(Data records)
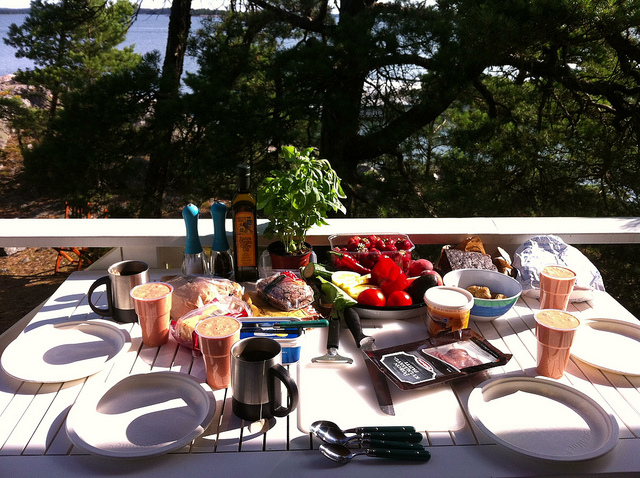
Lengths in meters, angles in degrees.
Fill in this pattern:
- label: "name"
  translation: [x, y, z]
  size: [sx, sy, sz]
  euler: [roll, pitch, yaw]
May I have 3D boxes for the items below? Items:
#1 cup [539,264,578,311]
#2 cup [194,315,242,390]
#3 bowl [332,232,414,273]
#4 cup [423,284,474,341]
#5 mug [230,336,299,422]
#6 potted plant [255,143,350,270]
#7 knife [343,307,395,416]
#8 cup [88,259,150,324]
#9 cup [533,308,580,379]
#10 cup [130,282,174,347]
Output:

Work instruction: Whatever the records hold apart from pictures should be repeated exactly.

Expected answer:
Lengths in meters, angles in degrees.
Fill in this pattern:
- label: "name"
  translation: [x, y, z]
  size: [sx, sy, sz]
  euler: [roll, pitch, yaw]
May I have 3D boxes for the items below? Items:
#1 cup [539,264,578,311]
#2 cup [194,315,242,390]
#3 bowl [332,232,414,273]
#4 cup [423,284,474,341]
#5 mug [230,336,299,422]
#6 potted plant [255,143,350,270]
#7 knife [343,307,395,416]
#8 cup [88,259,150,324]
#9 cup [533,308,580,379]
#10 cup [130,282,174,347]
Output:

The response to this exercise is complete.